Tickets are almost always more than I expect them to be — especially these days — and I’m always wondering if I’ll find something cheaper if I wait.
“The vast majority of the time, that isn’t going to happen,” said Mike Arnot, an airline industry commentator and spokesman at the airline analytics company Cirium. “If it’s within three months, chances are you’re getting the lowest price that’s actually available to book. So you can book with some confidence.”
Most people book flights less than 90 days before they want to travel. And airlines know this, so that’s also when ticket prices tend to start going up.
The best time to buy does vary by route and airline and whether you’re flying economy, business or first-class; airlines have years of data they use to constantly adjust fares and maximize revenue for different routes.

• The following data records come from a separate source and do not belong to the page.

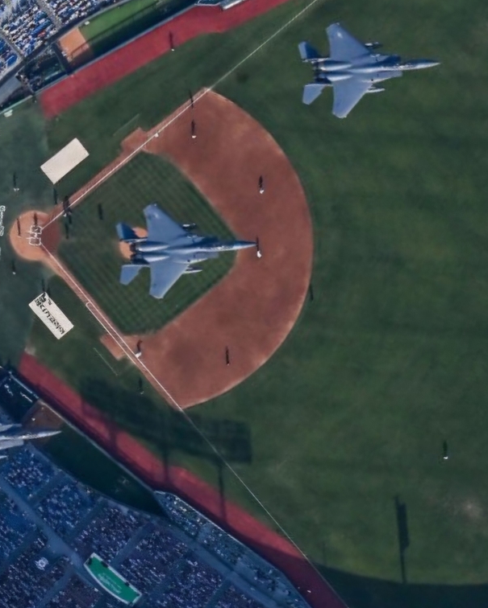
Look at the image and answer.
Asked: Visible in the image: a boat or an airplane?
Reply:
airplane
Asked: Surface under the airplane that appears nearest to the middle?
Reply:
grass
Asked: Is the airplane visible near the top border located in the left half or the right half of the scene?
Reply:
right
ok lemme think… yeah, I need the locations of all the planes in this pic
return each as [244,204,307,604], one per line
[299,24,440,119]
[115,206,254,300]
[0,422,61,464]

But since they aren’t sharing it, Arnot said, he usually goes by this general rule of thumb: “I would say three to four months out, you’re likely to get those lowest fares that are available. And they’re not likely to magically reappear.”

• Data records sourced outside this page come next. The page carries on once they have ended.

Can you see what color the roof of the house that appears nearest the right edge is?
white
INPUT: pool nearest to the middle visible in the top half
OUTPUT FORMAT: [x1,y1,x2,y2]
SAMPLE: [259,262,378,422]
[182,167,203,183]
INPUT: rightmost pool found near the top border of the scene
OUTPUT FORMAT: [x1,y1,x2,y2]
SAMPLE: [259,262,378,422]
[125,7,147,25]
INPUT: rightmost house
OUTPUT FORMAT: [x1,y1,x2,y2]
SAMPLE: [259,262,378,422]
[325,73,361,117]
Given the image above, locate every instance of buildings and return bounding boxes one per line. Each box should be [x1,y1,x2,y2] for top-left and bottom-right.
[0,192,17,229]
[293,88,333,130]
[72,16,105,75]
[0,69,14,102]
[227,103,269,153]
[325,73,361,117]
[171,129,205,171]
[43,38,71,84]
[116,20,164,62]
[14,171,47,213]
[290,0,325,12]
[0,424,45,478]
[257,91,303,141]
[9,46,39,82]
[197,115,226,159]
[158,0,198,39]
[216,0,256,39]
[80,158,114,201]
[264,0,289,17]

That, and check the online travel search engines — “the Kayaks and the Hoppers of the world, and the big behemoth, which is Google Flights,” and see what they recommend. Because, he said, these sites also have years of data on bookings and flight prices — more, actually, than any one individual airline.
“We have been archiving global prices of airfare for more than 10 years now,” said Hayley Berg, lead economist at the travel app Hopper. “Our archive is up to, I think, at last measurement, maybe 80 or 85 trillion priced itineraries.”
Yep, trillion with a T. “And that algorithm looks at, all the way down to an origin, destination and departure return dates, what the price of that trip is today and makes a forecast of what the future price is,” Berg said. “And we take all of that data and a very complex price prediction, and boil it down into something very simple and user-friendly, which is a recommendation.”
A recommendation of whether to book now or wait. And she added that those recommendations are accurate about 95% of the time.
Still, for me, somehow, seeing those recommendations has never significantly lessened my anxiety around booking flights and whether I’m doing it at the right time.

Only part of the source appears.